The protected product within the meaning of Article 3 (a) of SPC Regulation (EEC) No. 1768/92 must be a product claimed as such in the basic patent.
Daiichi Sankyo Company Limited (Daiichi) owns a European patent covering anti-hypertensive compounds, a family of 1-biphenylimidazole derivatives, among which olmesartan medoxomil, their pharmaceutically acceptable salts and esters, as well as their preparation and their therapeutic use.
Daiichi applied for a supplementary protection certificate (SPC) for a proprietary medicine containing olmesartan medoxomil and hydrochlorothiazide (a diuretic which by eliminating part of the water and sodium contained in blood contributes also, by decreasing blood volume, to lowering blood pressure level) as active ingredients. By way of a decision of 3 December 2008, the Director General of the French patent office, the Institut National de la Propriété Industrielle, rejected the application.
Daiichi lodged an appeal against that decision before the Cour d’Appel of Paris.
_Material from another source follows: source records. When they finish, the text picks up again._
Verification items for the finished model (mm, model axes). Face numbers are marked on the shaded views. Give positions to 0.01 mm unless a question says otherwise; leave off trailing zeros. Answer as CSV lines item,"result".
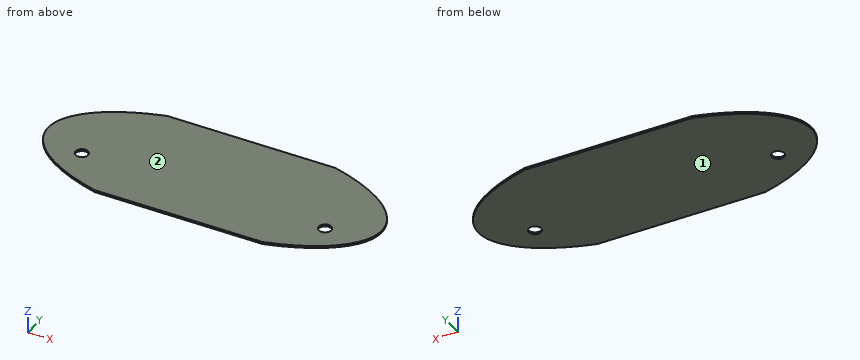
```python
from build123d import *

# Parameters (mm, degrees)
SKETCH1_RX          = 240
SKETCH1_RY          = 110
BOSS_EXTRUDE1_DEPTH = 3
SKETCH12_R          = 9
CUT_EXTRUDE8_DEPTH  = 265.024620064
SKETCH13_W          = 480
SKETCH13_H          = 15
CUT_EXTRUDE9_DEPTH  = 265.024620064


with BuildPart() as part:
    # Sketch1 → Boss-Extrude1 (new body)
    with BuildSketch(Plane.XY):
        with Locations((0, 0)):
            Ellipse(SKETCH1_RX, SKETCH1_RY)
    extrude(amount=-BOSS_EXTRUDE1_DEPTH)

    # Sketch12 → Cut-Extrude8 (cut, through all)
    with BuildSketch(Plane.XY):
        with Locations((175, -30)):
            Circle(SKETCH12_R)
        with Locations(Location((-175, -30, 0), (0, 0, 180))):
            Circle(SKETCH12_R)
    extrude(amount=-CUT_EXTRUDE8_DEPTH, mode=Mode.SUBTRACT)

    # Sketch13 → Cut-Extrude9 (cut, through all)
    with BuildSketch(Plane.XY):
        with Locations((0, -102.5)):
            Rectangle(SKETCH13_W, SKETCH13_H)
        with Locations((0, 102.5)):
            Rectangle(SKETCH13_W, SKETCH13_H)
    extrude(amount=-CUT_EXTRUDE9_DEPTH, mode=Mode.SUBTRACT)


solid = part.part
```
1) Draft check along Z on the marked faces 1 and 2. Enter one of: +Z half, -Z half, draft (parallel to the pull), parting line (faces both ways), or undercut.
Reported:
face 1,"-Z half"
face 2,"+Z half"
2) Depth check by flat-ended pin: pin 1 (10 mm diameter, centred on x = -145.5, y = 69, fed in from +Z); pin 2 (1 mm diameter, centred on y = 12, z = -1, fed in from -X). Enter the tip coordinate at first touch or a pass-through.
Reported:
pin 1,"z = 0"
pin 2,"x = -238.68"
3) Section check A-A (z = -1.95). State how many separate pieces and enclosed holes the cut face has, and give its area (3 significant figures).
Reported:
separate pieces,"1"
enclosed holes,"2"
area,"77,500 mm²"
4) Scan lines: line 1 along X through (y, z) = (-30.5, -0.55); line 2 along Y through (x, z) = (175, -1); line 3 along Y through (x, z) = (-159, -1.65). Record each from-to range of solid material in increasing order.
Reported:
line 1,"-230.59 to -183.99, -166.01 to 166.01, 183.99 to 230.59"
line 2,"-75.28 to -39, -21 to 75.28"
line 3,"-82.4 to 82.4"
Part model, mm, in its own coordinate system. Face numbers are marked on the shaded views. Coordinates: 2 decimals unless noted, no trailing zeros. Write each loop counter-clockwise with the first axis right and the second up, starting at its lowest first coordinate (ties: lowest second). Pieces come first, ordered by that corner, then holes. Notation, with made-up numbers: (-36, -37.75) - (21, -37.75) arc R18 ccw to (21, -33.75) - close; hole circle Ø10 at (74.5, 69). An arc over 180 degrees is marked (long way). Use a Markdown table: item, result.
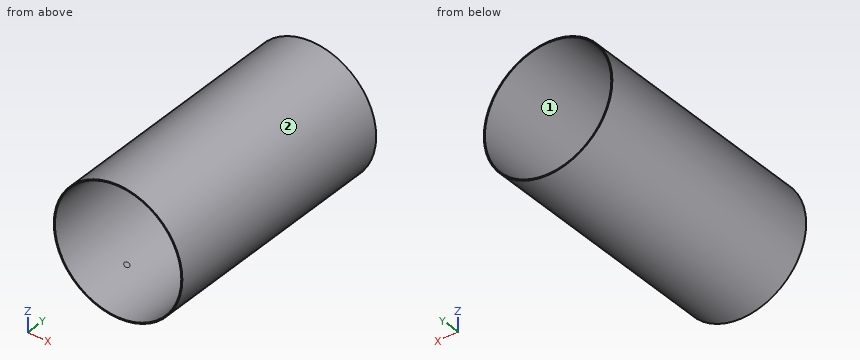
```python
from build123d import *

# Parameters (mm, degrees)
SKETCH1_R           = 77.724
SKETCH1_R_2         = 76.454
EXTRUDE_THIN2_DEPTH = 304.8
SKETCH3_R           = 3.302
CUT_EXTRUDE2_DEPTH  = 2.54
CIRPATTERN2_COUNT   = 3


with BuildPart() as part:
    # Sketch1 → Extrude-Thin2 (new body)
    with BuildSketch(Plane(origin=(0, 0, 0), x_dir=(1, 0, 0), z_dir=(0, 1, 0))):
        Circle(SKETCH1_R)
        Circle(SKETCH1_R_2, mode=Mode.SUBTRACT)
    extrude(amount=EXTRUDE_THIN2_DEPTH)

    # Sketch3 → Cut-Extrude2 (cut)
    with BuildSketch(Plane.ZY.offset(-76.454)):
        with Locations((0, 63.5)):
            Circle(SKETCH3_R)
    cut_extrude2 = extrude(amount=CUT_EXTRUDE2_DEPTH, mode=Mode.SUBTRACT)

    # CirPattern2: Cut-Extrude2 ×3 about axis
    cirpattern2_axis = Axis((0, 0, 0), (0, 1, 0))
    for i in range(1, CIRPATTERN2_COUNT):
        add(cut_extrude2.rotate(cirpattern2_axis, i * 360 / CIRPATTERN2_COUNT), mode=Mode.SUBTRACT)


solid = part.part
```
Item 1: Drop flat-ended pins along their axis: P1, Ø1, axis at x = 4.5, y = 166, coming from the +Z side; P2, Ø10, axis at x = -24.5, y = 209, coming from the +Z side; P3, Ø6, axis at y = 183.5, z = 34.5, coming from the -X side. Give the stop position or say it passes through.
From the geometry:
| item | result |
|---|---|
| P1 | z = 77.62 |
| P2 | z = 75.24 |
| P3 | x = -71.05 |
Item 2: Drill centre lines: probe 1 along Z at (x, y) = (0, 234); probe 2 along X at (y, z) = (88.5, -30). Where is each one in solid material? Low to high.
From the geometry:
| item | result |
|---|---|
| probe 1 | -77.72 to -76.45, 76.45 to 77.72 |
| probe 2 | -71.7 to -70.32, 70.32 to 71.7 |
Item 3: Band-saw the part on A-A, the plane x = 0. Give the cut face in (y, z).
From the geometry:
| item | result |
|---|---|
| outline | (0, -77.72) - (304.8, -77.72) - (304.8, -76.45) - (0, -76.45) - close; (0, 76.45) - (304.8, 76.45) - (304.8, 77.72) - (0, 77.72) - close |
Item 4: Band-saw the part on C-C, the plane y = 63.5. Give the cut face in (x, z), then the cut area to 3 significant figures.
From the geometry:
| item | result |
|---|---|
| outline | circle Ø155.45 at (0, 0); hole (-41.09, -64.56) - (-35.37, -67.86) - (-35.33, -67.8) arc R76.45 ccw to (76.38, -3.3) - (76.45, -3.3) - (76.45, 3.3) - (76.38, 3.3) arc R76.45 ccw to (-35.33, 67.8) - (-35.37, 67.86) - (-41.09, 64.56) - (-41.05, 64.5) arc R76.45 ccw to (-41.05, -64.5) - close |
| area | 615 mm^2 |
Item 5: Two-plate mould, pull along Z, no slides. Class the marked faces 1 and 2: pulls with the +Z half, pulls with the -Z half, needs draft (parallel to the pull), parting line crosses it, or undercut.
From the geometry:
| item | result |
|---|---|
| face 1 | undercut |
| face 2 | parting line crosses it |
Item 6: Band-saw the part on D-D, the plane y = 249.5. Give the cut face in (x, z), then the cut area to 3 significant figures.
From the geometry:
| item | result |
|---|---|
| outline | circle Ø155.45 at (0, 0); hole circle Ø152.91 at (0, 0) |
| area | 615 mm^2 |
For this review, take the finished solid that the model builds, in its own axes (mm). A direction names the side the tool comes from. Round coordinates to 2 decimals unless told otherwise and drop trailing zeros. Write each loop counter-clockwise with the first axis right and the second up, starting at its lowest first coordinate (ties: lowest second). Pieces come first, ordered by that corner, then holes. Notation, with made-up numbers: (22, -1) -> (46, -1) arc R23 cw to (46, 36) -> close; hole circle Ø6 at (62, 77.5). An arc over 180 degrees is marked (long way). Answer as CSV lines item,"result". Start each with the question number.
Item 1: Take a section at D-D on y = 0. Give the boundary of the cut face in (x, z), then the cut area to 3 significant figures.
Item 2: Wall thickness on probe 1 along X at (y, z) = (-0.25, 0); probe 2 along X at (y, z) = (-0.5, -8); probe 3 along X at (y, z) = (-4.5, -2.5): over which ranges is each line inside the solid? List them lowest first. Write a range as from..to.
Item 3: Mouldability with a two-part tool opening along Z and no side actions: class faces 1 (the cylindrical face through (9.58, -0.17, -11.4)), 2 (the flat face through (10, -7.938, -5)), 3 (the cylindrical face through (0.92, 0.11, 21.19)) as +Z half, -Z half, draft (parallel to the pull), parting line (faces both ways), or undercut.
Item 4: Take a section at A-A on z = 0. Give the boundary of the cut face in (x, y), then the cut area to 3 significant figures.
Item 5: Machinability: for faces 4 (the flat face through (0.762, 2, -17)), 5 (the cylindrical face through (2.48, -0.68, -17.51)), 6 (the cylindrical face through (15.121, 0.055, -5.673)), which of the approach directions +Z, -Z, +X, -X, +Y, -Y give a long, thin tool a straight path to every point of the face, cutting with its end or side? Answer none if there is none.
Item 6: For pin 1 Ø3 at (x, y) = (-3, -1.5) entering from +Z; pin 2 Ø5 at (y, z) = (-6.5, 16.5) entering from +X; pin 3 Ø1 at (y, z) = (1, -1.5) entering from +X; pin 4 Ø8 at (y, z) = (3, 0.5) entering from -X, all flat-tipped, find the tip position at first contact; note any pin that passes through.
Item 7: Take a section at B-B on x = -6.5. Give the boundary of the cut face in (y, z), then the cut area to 3 significant figures.
Item 8: Take a section at C-C on z = -15. Give the boundary of the cut face in (x, y), then the cut area to 3 significant figures.
```python
from build123d import *

# Parameters (mm, degrees)
BOSS_EXTRUDE1_DEPTH        = 7.9375
M3X0_5_TAPPED_HOLE1_REACH  = 50.846
M3X0_5_TAPPED_HOLE1_BORE_R = 1.25
CIRPATTERN1_COUNT          = 3


with BuildPart() as part:
    # Sketch1 → Boss-Extrude1 (new, symmetric)
    with BuildSketch(Plane(origin=(0, 0, 0), x_dir=(1, 0, 0), z_dir=(0, 1, 0))):
        with BuildLine():
            Line((-0.762, 21.195306957), (-0.762, 10.895386179))
            ThreePointArc((-0.762, 10.895386179), (0, -10.922), (0.762, 10.895386179))
            Line((0.762, 10.895386179), (0.762, 21.195306957))
            ThreePointArc((0.762, 21.195306957), (0, -21.209), (-0.762, 21.195306957))
        make_face()
    extrude(amount=BOSS_EXTRUDE1_DEPTH, both=True)

    # Sketch2 → Cut-Revolve1 (revolve, cut)
    with BuildSketch(Plane(origin=(0, 0, 0), x_dir=(1, 0, 0), z_dir=(0, 1, 0)), mode=Mode.PRIVATE) as cut_revolve1_sk:
        Polygon((-16.24122954, 13.6398), (0.762, 13.6398), (0.762, 13.1191), (4.142955705, 13.1191), (4.142955705, 11.39825), (17.885792628, 11.39825), (17.885792628, 15.367), (-16.24122954, 15.367), align=None)
    revolve(cut_revolve1_sk.sketch.rotate(Axis((-16.24122954, 0, -15.367), (-1, 0, 0)), 180), axis=Axis((-16.24122954, 0, -15.367), (-1, 0, 0)), mode=Mode.SUBTRACT)

    # M3x0.5 Tapped Hole1 bore (on position points) → M3x0.5 Tapped Hole1 (cut, up to next)
    with BuildSketch(Plane(origin=(-1.848486148, 0, 21.128293352), x_dir=(0.996194698092, 0, 0.087155742748), z_dir=(-0.087155742748, 0, 0.996194698092)), mode=Mode.PRIVATE) as m3x0_5_tapped_hole1_sk1:
        Circle(M3X0_5_TAPPED_HOLE1_BORE_R)
    m3x0_5_tapped_hole1_tool1 = extrude(m3x0_5_tapped_hole1_sk1.sketch, amount=-M3X0_5_TAPPED_HOLE1_REACH, mode=Mode.PRIVATE) & part.part
    m3x0_5_tapped_hole1 = m3x0_5_tapped_hole1_tool1.solids().sort_by_distance((-1.848486, 0, 21.128293))[0]
    add(m3x0_5_tapped_hole1, mode=Mode.SUBTRACT)

    # CirPattern1: M3x0.5 Tapped Hole1 ×3 about axis
    cirpattern1_axis = Axis((0, 7.9375, 0), (0, -1, 0))
    for i in range(1, CIRPATTERN1_COUNT):
        add(m3x0_5_tapped_hole1.rotate(cirpattern1_axis, i * 360 / CIRPATTERN1_COUNT), mode=Mode.SUBTRACT)


solid = part.part
```
Output values:
1,outline,"(-18.06, -11.12) -> (-9.6, -5.2) arc R10.92 cw to (-2.19, 10.7) -> (-3.09, 20.98) arc R21.21 ccw to start; (-16.63, -13.17) arc R21.21 ccw to (-16.24, -13.64) -> (-0.76, -13.64) -> (-0.76, -10.9) arc R10.92 cw to (-8.17, -7.25) -> close; (-12.55, -17.09) arc R21.21 ccw to (-0.76, -21.2) -> (-0.76, -17.09) -> close; (-0.6, 21.2) -> (0.3, 10.92) arc R10.92 cw to (10.36, -3.45) -> (19.72, -7.81) arc R21.21 ccw to start; (0.76, -21.2) arc R21.21 ccw to (8.71, -19.34) -> (4.14, -19.34) -> (4.14, -17.61) -> (0.76, -17.61) -> close; (0.76, -13.12) -> (4.14, -13.12) -> (4.14, -11.4) -> (17.89, -11.4) arc R21.21 ccw to (18.66, -10.08) -> (9.31, -5.72) arc R10.92 cw to (0.76, -10.9) -> close"
1,area,"803 mm^2"
2,probe 1,"x = -21.21..-10.92, 10.92..21.21"
2,probe 2,"x = -19.64..-13.42, -9.43..-7.44, 7.44..14.45"
2,probe 3,"x = -21.06..-10.63, 10.63..21.06"
3,face 1,"undercut"
3,face 2,"draft"
3,face 3,"parting line"
4,outline,"(-21.21, -7.94) -> (-10.92, -7.94) -> (-10.92, 7.94) -> (-21.21, 7.94) -> close; (10.92, -7.94) -> (21.21, -7.94) -> (21.21, 7.94) -> (10.92, 7.94) -> close"
4,area,"327 mm^2"
5,face 4,"-Z, +Y, -Y"
5,face 5,"+X"
5,face 6,"none"
6,pin 1,"stops at z = 21.16"
6,pin 2,"stops at x = 15.93"
6,pin 3,"stops at x = 21.19"
6,pin 4,"stops at x = -21.21"
7,outline,"(-7.94, -20.19) -> (7.94, -20.19) -> (7.94, -8.78) -> (-7.94, -8.78) -> close; (-7.94, 8.78) -> (7.94, 8.78) -> (7.94, 20.19) -> (-7.94, 20.19) -> close; hole circle Ø3.45 at (0, -15.37)"
7,area,"353 mm^2"
8,outline,"(-14.99, -7.94) -> (-0.76, -7.94) -> (-0.76, -1.69) -> (-14.99, -1.69) -> close; (-14.99, 1.69) -> (-0.76, 1.69) -> (-0.76, 7.94) -> (-14.99, 7.94) -> close; (0.76, -7.94) -> (14.99, -7.94) -> (14.99, -3.95) -> (4.14, -3.95) -> (4.14, -2.22) -> (0.76, -2.22) -> close; (0.76, 2.22) -> (4.14, 2.22) -> (4.14, 3.95) -> (14.99, 3.95) -> (14.99, 7.94) -> (0.76, 7.94) -> close"
8,area,"303 mm^2"
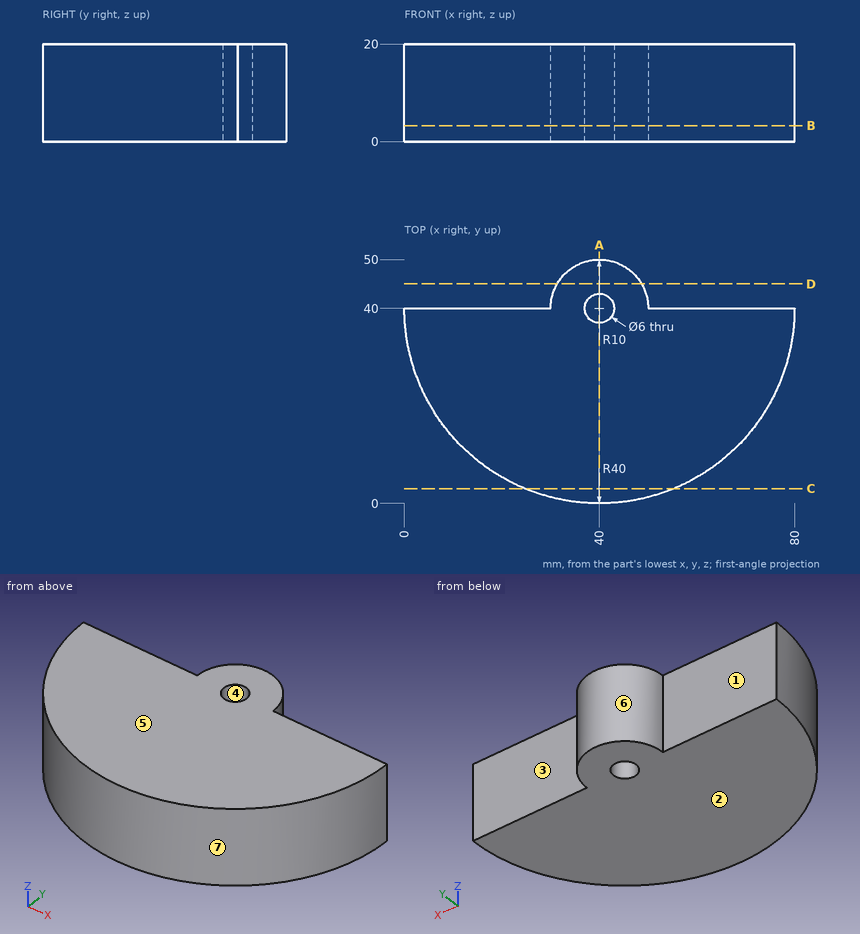
Can you work these out from the drawing? Everything is in mm from the part's minimum corner. A direction names the side the tool comes from. Give positions to 0.01 mm unless a question says otherwise; leave off trailing zeros. Order: outer loops, then holes, each group sorted by start corner. A loop starts at its lowest first (then second) coordinate and runs counter-clockwise, first axis right, second up.
1. Suppose I cut it at D-D (y = 45). List the corners of the cut face in (x, z) for me.
2. Suppose I cut it at C-C (y = 3). List the corners of the cut face in (x, z) for me, plus the area to 3 significant figures.
3. For the marked faces 1, 2 and 3, which set-ups out of +Z, -Z, +X, -X, +Y, -Y let a thin tool reach every point of the face, with its end or its side?
4. We'd pull the mould along Y, two halves only. Please class the marked faces 4, 5, 6 and 7: pulls with the +Y half, pulls with the -Y half, needs draft (parallel to the pull), parting line crosses it, or undercut.
5. Suppose I cut it at A-A (x = 40). List the corners of the cut face in (y, z) for me, plus the area to 3 significant figures.
6. Will these pins go through, and if not, where does the flat tip stop? P1, Ø12, axis at y = 33, z = 11.5, coming from the +X side; P2, Ø1.5, axis at x = 57, z = 12.5, coming from the -Y side; P3, Ø10, axis at x = 64, z = 14, coming from the +Y side; P4, Ø3.5, axis at x = 40, y = 40, coming from the +Z side.
7. Suppose I cut it at B-B (z = 3.25). List the corners of the cut face in (x, y) for me, plus the area to 3 significant figures.
8. I need wall thicknesses on L1, parallel to Y at x = 40, z = 6; L2, parallel to X at y = 7, z = 5.5; L3, parallel to X at y = 22, z = 12.5. Which ranges of each line are inside material? Lowest first, please.
Solved:
1. outline: (31.34, 0) - (48.66, 0) - (48.66, 20) - (31.34, 20) - close
2. outline: (24.8, 0) - (55.2, 0) - (55.2, 20) - (24.8, 20) - close
2. area: 608 mm2
3. face 1: +Z, -Z, -X, +Y
3. face 2: -Z, +X, -X, +Y, -Y
3. face 3: +Z, -Z, +X, +Y
4. face 4: undercut
4. face 5: needs draft
4. face 6: pulls with the +Y half
4. face 7: pulls with the -Y half
5. outline: (0, 0) - (37, 0) - (37, 20) - (0, 20) - close; (43, 0) - (50, 0) - (50, 20) - (43, 20) - close
5. area: 880 mm2
6. P1: stops at x = 79.99
6. P2: stops at y = 3.45
6. P3: stops at y = 40
6. P4: passes through
7. outline: (0, 40) arc R40 ccw to (80, 40) - (50, 40) arc R10 ccw to (30, 40) - close; hole circle Ø6 at (40, 40)
7. area: 2,640 mm2
8. L1: y = 0 to 37, 43 to 50
8. L2: x = 17.39 to 62.61
8. L3: x = 4.28 to 75.72
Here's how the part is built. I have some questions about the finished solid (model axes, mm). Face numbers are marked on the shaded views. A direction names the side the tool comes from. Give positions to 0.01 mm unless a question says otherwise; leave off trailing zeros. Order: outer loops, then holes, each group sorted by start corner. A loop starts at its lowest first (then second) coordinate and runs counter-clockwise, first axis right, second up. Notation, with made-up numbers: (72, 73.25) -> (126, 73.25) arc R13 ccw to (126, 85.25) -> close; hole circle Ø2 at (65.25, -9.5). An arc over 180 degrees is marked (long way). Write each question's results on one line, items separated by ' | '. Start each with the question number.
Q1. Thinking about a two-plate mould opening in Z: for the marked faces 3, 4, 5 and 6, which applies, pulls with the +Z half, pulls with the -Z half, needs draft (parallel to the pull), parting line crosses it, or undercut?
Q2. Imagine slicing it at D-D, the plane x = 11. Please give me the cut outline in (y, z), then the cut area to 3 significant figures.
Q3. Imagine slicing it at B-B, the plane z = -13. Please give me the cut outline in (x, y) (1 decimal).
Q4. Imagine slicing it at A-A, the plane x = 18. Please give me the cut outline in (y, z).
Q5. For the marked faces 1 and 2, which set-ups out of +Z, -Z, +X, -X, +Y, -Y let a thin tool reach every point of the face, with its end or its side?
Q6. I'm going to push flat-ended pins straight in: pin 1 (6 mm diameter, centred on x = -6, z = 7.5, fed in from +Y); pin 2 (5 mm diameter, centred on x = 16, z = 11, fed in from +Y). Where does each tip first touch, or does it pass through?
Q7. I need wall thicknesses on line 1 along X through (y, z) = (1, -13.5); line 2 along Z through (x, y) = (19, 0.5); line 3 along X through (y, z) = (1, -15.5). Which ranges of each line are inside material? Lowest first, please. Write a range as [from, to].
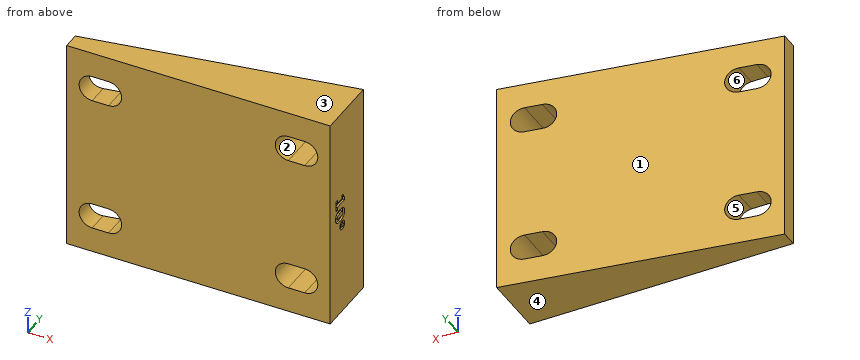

In its decision of 6 November 2009, the Court dismissed the appeal on the grounds that according to the conditions for obtaining a certificate listed in Article 3 of Regulation (EEC) No. 1768/92 of 18 June 1992 (replaced in the meantime by Regulation (EC) No. 469/2009 of 6 May 2009) the product must be both “protected by a basic patent in force” and the subject of “a valid authorisation to place the product on the market as a medicinal product”.
The Court then noted that the marketing authorization (MA), in this case, was obtained for a proprietary medicine combining two active ingredients, olmesartan medoxomil and hydrochlorothiazide, of which the first, not the second, belongs to the family of 1-biphenylimidazole derivatives covered by the claimed basic patent. Considering that the product concerned by the MA, a combination of olmesartan and hydrochlorothiazide, is not the product protected by the basic patent (olmersartan), the Court decided that the condition of Article 3 (a) of Regulation (EEC) No. 1768/92 was not met.
It affirmed the decision of the Director General of the Institut National de la Propriété Industrielle to reject the application.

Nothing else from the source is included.